Cardero’s science therapeutically targets the mitochondria, the principal source of cellular ATP. Chronic depletion of mitochondria has been clearly linked to the progression of muscle failure, or sarcopenia, heart failure, diabetes, and neurodegenerative diseases. Maximum density of mitochondria/cell, and thus the amount of ATP synthesized in each cell, is reached in young adulthood. Progressive loss of mitochondria, particularly in heart and muscle and brain, is associated with the aging process itself and accelerated by obesity, lack of physical activity, and metabolic disorders such as diabetes.
Mitochondria wear out if they are forced to function at excessive rates of activity for sustained periods, as happens to the remaining mitochondria in states of chronic mitochondrial depletion. New mitochondria can be made, in a process termed mitochondrial biogenesis, but this capacity is progressively lost with age or inactivity.

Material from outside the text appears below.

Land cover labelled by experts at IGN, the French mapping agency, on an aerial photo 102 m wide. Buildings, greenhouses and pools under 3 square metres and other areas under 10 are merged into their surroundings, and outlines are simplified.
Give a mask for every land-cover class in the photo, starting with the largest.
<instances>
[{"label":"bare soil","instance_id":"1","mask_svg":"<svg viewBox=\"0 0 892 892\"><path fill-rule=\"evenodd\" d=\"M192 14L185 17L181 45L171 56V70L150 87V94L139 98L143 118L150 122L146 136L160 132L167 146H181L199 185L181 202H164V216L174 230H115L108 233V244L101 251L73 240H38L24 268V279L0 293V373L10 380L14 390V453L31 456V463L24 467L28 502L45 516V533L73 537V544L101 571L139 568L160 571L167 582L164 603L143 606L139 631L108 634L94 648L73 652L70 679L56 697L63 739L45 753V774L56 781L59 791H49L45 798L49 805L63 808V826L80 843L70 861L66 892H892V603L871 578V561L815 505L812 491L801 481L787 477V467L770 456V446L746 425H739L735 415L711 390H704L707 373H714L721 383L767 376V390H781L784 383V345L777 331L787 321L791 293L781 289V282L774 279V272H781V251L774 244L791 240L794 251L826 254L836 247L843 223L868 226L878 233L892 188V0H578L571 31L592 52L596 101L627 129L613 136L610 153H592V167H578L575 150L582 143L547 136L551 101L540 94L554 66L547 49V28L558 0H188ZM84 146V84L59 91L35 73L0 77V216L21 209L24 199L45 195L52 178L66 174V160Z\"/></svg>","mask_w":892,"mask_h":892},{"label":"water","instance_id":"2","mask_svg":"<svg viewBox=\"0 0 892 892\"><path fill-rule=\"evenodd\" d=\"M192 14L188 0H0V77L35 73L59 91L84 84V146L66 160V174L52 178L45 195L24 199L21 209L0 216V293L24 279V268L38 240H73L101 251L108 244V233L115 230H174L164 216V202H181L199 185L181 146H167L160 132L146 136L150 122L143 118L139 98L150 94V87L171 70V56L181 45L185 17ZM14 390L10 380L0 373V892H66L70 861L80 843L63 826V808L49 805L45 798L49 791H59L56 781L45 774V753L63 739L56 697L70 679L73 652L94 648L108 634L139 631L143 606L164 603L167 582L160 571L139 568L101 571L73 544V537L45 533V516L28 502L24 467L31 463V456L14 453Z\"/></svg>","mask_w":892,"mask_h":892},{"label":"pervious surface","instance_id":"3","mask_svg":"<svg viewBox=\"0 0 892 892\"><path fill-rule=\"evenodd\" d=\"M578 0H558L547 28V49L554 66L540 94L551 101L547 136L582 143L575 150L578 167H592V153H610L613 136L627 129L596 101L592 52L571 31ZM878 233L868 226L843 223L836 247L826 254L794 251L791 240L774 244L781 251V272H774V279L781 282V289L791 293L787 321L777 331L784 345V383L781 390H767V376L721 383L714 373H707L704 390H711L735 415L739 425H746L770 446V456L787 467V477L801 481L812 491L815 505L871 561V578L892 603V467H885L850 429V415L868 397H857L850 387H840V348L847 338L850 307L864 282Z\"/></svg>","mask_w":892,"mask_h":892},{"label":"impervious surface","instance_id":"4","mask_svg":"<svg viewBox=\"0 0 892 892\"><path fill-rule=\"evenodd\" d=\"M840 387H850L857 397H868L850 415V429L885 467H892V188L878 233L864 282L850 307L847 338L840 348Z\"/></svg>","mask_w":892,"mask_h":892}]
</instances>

The only currently known mechanism to induce mitochondrial biogenesis is physical exercise, which is the basis for exercise conditioning of muscle strength and endurance and cognition, but whose efficacy declines with age.

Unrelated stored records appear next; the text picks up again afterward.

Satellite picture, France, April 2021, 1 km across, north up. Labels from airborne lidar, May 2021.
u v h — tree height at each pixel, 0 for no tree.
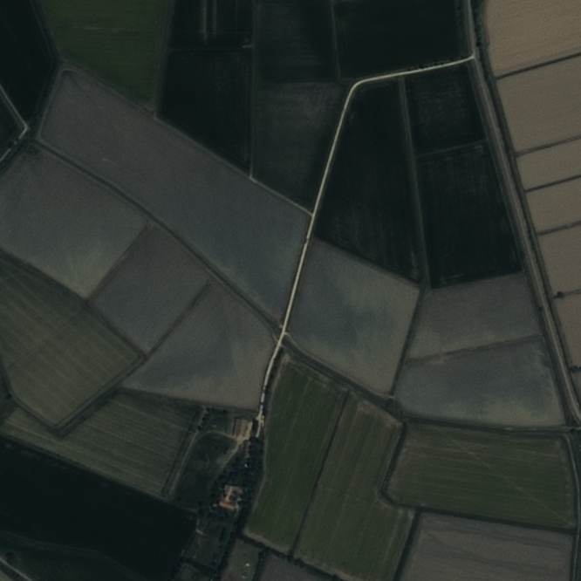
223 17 0
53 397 0
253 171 0
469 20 0
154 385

Progressive muscle failure, or sarcopenia, is particularly associated with mitochondrial dysfunction and depletion. Aberrant contractility associated with muscle disease places excessive metabolic demands on the mitochondria, which become dysfunctional. The end result is mitochondrial depletion, impaired muscle strength, and muscle atrophy.
Our lead clinical program targets the loss of muscle associated with muscular dystrophy. While the gene defect in the muscular dystrophies resides within proteins determining muscle structure, progressive loss of muscle is associated with secondary depletion of mitochondria. The metabolic strain placed on the surviving mitochondria in the progression of muscular dystrophy accelerates the loss of mitochondria due to oxidation injury, abnormal calcium accumulation, and metabolic strain. The loss of mitochondria accelerates the atrophy of the skeletal muscle. A very similar biology occurs within the hearts of patients with muscular dystrophy, causing a high incidence of congestive heart failure.
Cardero Therapeutics has developed data suggesting that enhancing mitochondrial biogenesis is closely associated with improvements in muscle structure and function in both animal models of muscular dystrophy and in the human disease.